Study Shows Alcohol Contributes To N.C. Aviation-Related Fatalities

October 29, 1998

CHAPEL HILL – Flying after drinking alcoholic beverages remains a factor in some fatal North Carolina air crashes and likely contributes to fatal crashes in other states, a study of 10 years of aviation-related deaths across North Carolina suggests.

The study, conducted at Johns Hopkins University and the University of North Carolina at Chapel Hill, showed that 7 percent of dead pilots and 15 percent of other aircraft occupants had consumed at least some alcohol before or during flights.

No pilots killed during commercial air crashes tested positive for alcohol, but 20 percent of their passengers did test positive, researchers found. The four pilot crash victims with blood-alcohol contents greater than 0.10 percent were men ages 20 to 29 on non-commercial night flights.

A report on the investigation appeared in August in the journal Aviation, Space and Environmental Medicine. Johns Hopkins authors are Drs.

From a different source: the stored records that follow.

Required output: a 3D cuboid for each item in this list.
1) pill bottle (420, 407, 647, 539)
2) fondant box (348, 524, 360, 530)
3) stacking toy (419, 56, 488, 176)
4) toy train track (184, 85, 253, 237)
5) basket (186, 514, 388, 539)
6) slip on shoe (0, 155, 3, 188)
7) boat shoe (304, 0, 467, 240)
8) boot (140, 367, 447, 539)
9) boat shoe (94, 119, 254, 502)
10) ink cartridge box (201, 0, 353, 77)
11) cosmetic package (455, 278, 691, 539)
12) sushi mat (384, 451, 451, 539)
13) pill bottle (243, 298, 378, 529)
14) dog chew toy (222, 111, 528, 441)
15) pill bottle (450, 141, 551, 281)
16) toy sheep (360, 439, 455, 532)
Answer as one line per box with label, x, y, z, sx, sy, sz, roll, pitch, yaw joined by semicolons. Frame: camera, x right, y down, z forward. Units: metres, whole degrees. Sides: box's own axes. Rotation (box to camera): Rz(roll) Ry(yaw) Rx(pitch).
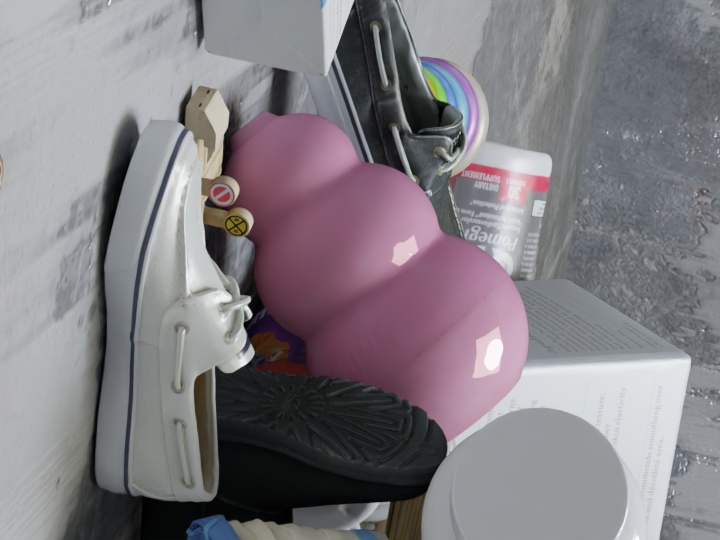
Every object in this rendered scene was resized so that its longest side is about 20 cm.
pill bottle;0.085;0.139;1.392;0.200;0.112;0.113;89;15;-69
fondant box;-0.037;0.245;1.635;0.200;0.058;0.145;-105;-148;-62
stacking toy;0.023;-0.107;1.837;0.200;0.085;0.086;8;93;-74
toy train track;-0.078;-0.001;1.450;0.115;0.032;0.201;-66;165;-55
basket;-0.067;0.213;1.363;0.139;0.199;0.177;45;-46;48
slip on shoe;-0.159;-0.039;0.820;0.200;0.060;0.076;49;54;-79
boat shoe;0.026;-0.074;1.613;0.201;0.071;0.072;64;24;-21
boot;-0.040;0.151;1.464;0.066;0.164;0.201;-55;155;-54
boat shoe;-0.083;0.024;1.332;0.071;0.069;0.201;-60;160;-63
ink cartridge box;-0.023;-0.212;1.416;0.115;0.067;0.201;90;14;-51
cosmetic package;0.094;0.111;1.942;0.166;0.199;0.168;35;-59;55
sushi mat;0.030;0.193;1.507;0.096;0.012;0.201;-1;103;-58
pill bottle;-0.015;0.052;1.652;0.200;0.111;0.112;-68;166;-51
dog chew toy;0.000;0.000;1.509;0.124;0.200;0.125;-38;-176;3
pill bottle;0.071;0.002;2.070;0.111;0.110;0.201;-9;109;-80
toy sheep;0.000;0.121;1.774;0.200;0.137;0.139;155;-50;-74
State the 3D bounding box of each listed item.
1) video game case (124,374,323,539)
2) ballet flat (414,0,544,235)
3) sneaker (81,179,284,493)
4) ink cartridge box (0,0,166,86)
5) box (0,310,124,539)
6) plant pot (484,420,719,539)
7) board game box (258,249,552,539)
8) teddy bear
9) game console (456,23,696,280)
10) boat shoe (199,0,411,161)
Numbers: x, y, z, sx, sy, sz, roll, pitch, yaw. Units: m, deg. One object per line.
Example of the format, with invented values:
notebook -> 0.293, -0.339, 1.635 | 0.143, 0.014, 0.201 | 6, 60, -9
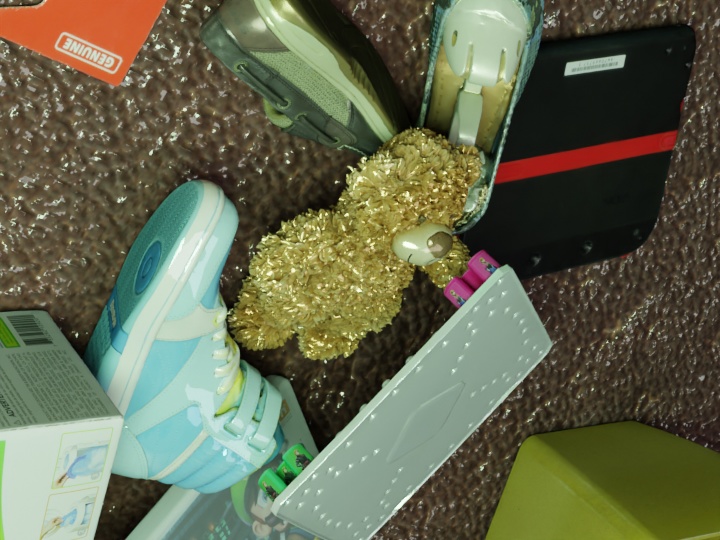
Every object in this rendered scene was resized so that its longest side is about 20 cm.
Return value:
video game case -> -0.079, 0.202, 1.059 | 0.200, 0.023, 0.183 | -49, 131, -36
ballet flat -> 0.071, -0.110, 0.986 | 0.074, 0.074, 0.202 | -12, 125, -32
sneaker -> -0.086, 0.046, 0.953 | 0.129, 0.080, 0.201 | 20, 118, -20
ink cartridge box -> -0.141, -0.187, 0.787 | 0.199, 0.044, 0.175 | 20, 105, -46
box -> -0.220, 0.138, 0.914 | 0.100, 0.112, 0.202 | -3, 124, -37
plant pot -> 0.208, 0.230, 1.284 | 0.198, 0.176, 0.202 | -3, 122, -37
board game box -> 0.034, 0.089, 1.032 | 0.200, 0.026, 0.200 | -45, 158, -2
teddy bear -> 0.000, 0.000, 0.974 | 0.199, 0.067, 0.144 | -32, 137, 29
game console -> 0.140, -0.078, 1.113 | 0.198, 0.031, 0.179 | -13, 123, -33
boat shoe -> -0.028, -0.109, 0.924 | 0.065, 0.072, 0.201 | -25, 153, 13

Guohua Li and Susan P. Baker of the emergency medicine department and the Center for Injury Research and Policy. N.C. authors are Dr. John D. Butts, N.C. chief medical examiner and professor of pathology and laboratory medicine at the UNC-CH School of Medicine, and Elizabeth Gerken Hooten, research associate at the UNC-CH Injury Prevention Research Center.

The study involved analyzing N.C. Medical Examiner Information System data on all victims who died in civilian aircraft crashes in North Carolina from 1985 to 1994, along with crash investigation reports from the National Transportation Safety Board. Excluded were 44 pilots and military aircraft occupants.

During the decade studied, researchers identified 337 aviation-related fatalities, including 111 pilots. Ninety-one percent of the pilots and 72 percent of the non-pilot occupants were tested for alcohol.

"Results of this study indicate that alcohol in fatally injured pilots is less prevalent than reported in previous studies, but intoxicated flying is still a valid concern, particularly for general aviation," the authors wrote. "Among the alcohol-positive pilots, all except one had blood-alcohol contents of 0.04 or higher, the legal limit for both commercial and general aviation. Fifty percent had blood alcohol contents above 0.10, which would be considered prima facie evidence of driving while intoxicated in all states."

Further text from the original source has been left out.